3. Respondent appeared and filed written statement and submitted that petition is notmaintainable. It is alleged that ever since marriage of the respondent with petitioner, mother, sister and brother of the petitioner continuously ill-treated and misbehaved with her for the sake of dowry.  https://twitter.com/ATMwithDick Respondents are poor persons and not in a position to meet heavy demands of dowry and that led to ill-treatment of the respondent by the petitioner and his family members and ill-treatment included ruthless beating and some time denial of meal by the petitioner and inmates of his house. It is denied that during her stay with petitioner, she behaved irrationally with the petitioner and his family members and she used to quarrel with them. It is also denied that on 2.4.1985 her mother came and took her away and on the other hand, it is stated that a sum of Rs. 10,000 was demanded from the mother of the respondent for construction of room, which was not fulfilled by the respondent and by her mother, as a result of which respondent was mercilessly beaten by the petitioner and ultimately driven out of the house with only one torn Sari. She has not taken any article with her. It is also denied that petitioner ever visited her mother’s house for taking her away. All allegations that petitioner visited the house of the mother of the respondent and persuaded her and her mother for taking her away are not correct and on the other hand, petitioneralways demanded Rs. 10,000 as dowry.

4. On the other hand, a show cause was filed on behalf of the petitioner in the proceeding under Section 125, Cr.PC and allegation has been leveled that respondent has developed immoral habits at her parentage house and she has no check over her and that is the version of the petitioner and in that view of the matter, can there be any genuine plea on behalf of the petitioner for taking her away to his house. https://twitter.com/ATMwithDick The respondent has alleged that no Panchayati was held and it is further alleged that she has not caused any mental cruelty to the petitioner and further that she has not deserted the house of the petitioner without any reasonable cause.

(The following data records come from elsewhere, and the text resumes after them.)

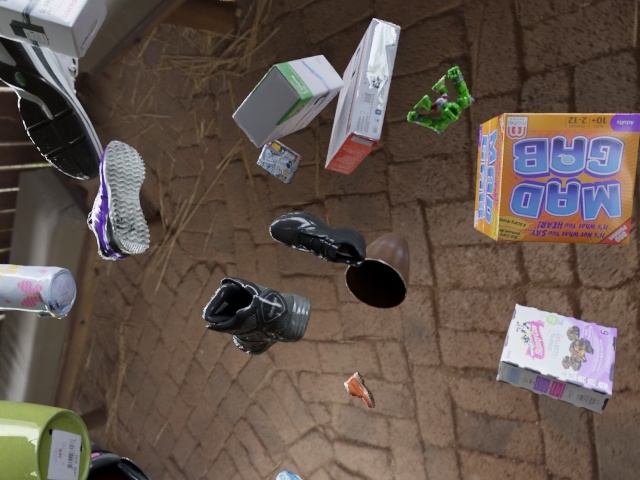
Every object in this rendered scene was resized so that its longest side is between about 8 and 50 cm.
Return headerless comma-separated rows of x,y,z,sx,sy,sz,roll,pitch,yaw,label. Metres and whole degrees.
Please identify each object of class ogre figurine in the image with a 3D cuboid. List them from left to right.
0.363,-0.402,1.462,0.118,0.097,0.197,44,98,-2,ogre figurine

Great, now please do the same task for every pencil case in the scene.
-0.733,0.118,1.173,0.272,0.114,0.124,4,124,3,pencil case

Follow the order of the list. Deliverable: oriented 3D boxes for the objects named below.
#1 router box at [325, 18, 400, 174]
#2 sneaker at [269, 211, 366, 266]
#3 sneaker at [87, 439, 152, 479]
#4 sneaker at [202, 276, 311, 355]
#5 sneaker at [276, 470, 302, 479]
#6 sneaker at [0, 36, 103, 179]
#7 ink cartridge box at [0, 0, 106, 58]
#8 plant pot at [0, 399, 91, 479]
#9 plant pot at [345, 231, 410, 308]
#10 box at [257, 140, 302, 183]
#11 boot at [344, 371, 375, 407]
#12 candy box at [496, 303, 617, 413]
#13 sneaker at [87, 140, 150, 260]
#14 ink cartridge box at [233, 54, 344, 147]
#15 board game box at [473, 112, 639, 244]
0.113,-0.395,1.406,0.301,0.082,0.336,145,138,-75,router box
0.000,0.000,1.358,0.285,0.130,0.109,12,110,-9,sneaker
-0.475,0.474,0.993,0.482,0.185,0.203,22,124,14,sneaker
-0.113,0.111,0.729,0.227,0.130,0.087,-32,38,62,sneaker
-0.065,0.408,0.732,0.063,0.162,0.073,-42,104,19,sneaker
-0.650,-0.394,1.264,0.168,0.258,0.448,-15,116,22,sneaker
-0.562,-0.471,0.982,0.087,0.208,0.153,119,164,-61,ink cartridge box
-0.538,0.368,0.784,0.293,0.275,0.275,-14,91,5,plant pot
0.224,0.079,1.710,0.215,0.230,0.216,15,132,17,plant pot
-0.128,-0.250,1.533,0.137,0.027,0.094,37,111,27,box
0.164,0.634,2.036,0.084,0.059,0.158,-37,63,6,boot
0.476,0.231,0.993,0.196,0.165,0.070,13,135,24,candy box
-0.489,-0.087,1.150,0.146,0.102,0.294,-24,66,32,sneaker
-0.081,-0.392,1.367,0.117,0.278,0.201,50,126,-2,ink cartridge box
0.693,-0.190,1.510,0.355,0.356,0.357,2,98,7,board game box
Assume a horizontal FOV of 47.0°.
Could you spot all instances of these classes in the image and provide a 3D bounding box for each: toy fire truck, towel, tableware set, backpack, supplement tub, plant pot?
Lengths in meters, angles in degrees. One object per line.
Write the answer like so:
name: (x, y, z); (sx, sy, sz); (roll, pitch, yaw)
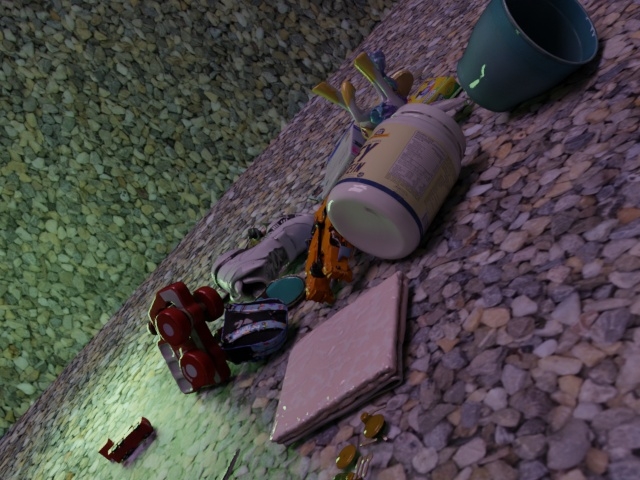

5. On the aforesaid pleadings of the parties, the learned Court below framed the following issues for their determination in the suit:(i) Whether the petition of the applicant is maintainable?(ii) Whether the petitioner has got valid cause of action?(iii) Whether the respondent is guilty of causing mental cruelty to the petitioner?(iv) Whether the respondent has withdrawn from the society of the petitioner without any reasonable cause or whether the petitioner has kicked her out from his house for the fulfilment of his demand of Rs. 10,000 as dowry for the construction of a room?(v) Whether the applicant is entitled to a decree of divorce as prayed for?

6. The learned Court below, after recording evidence both oral and documentary of the parties concerned, decided the issues and ultimately came to a finding that no case forgrant of decree of divorce is made out and, therefore, dismissed the suit of the petitioner for a decree of divorce.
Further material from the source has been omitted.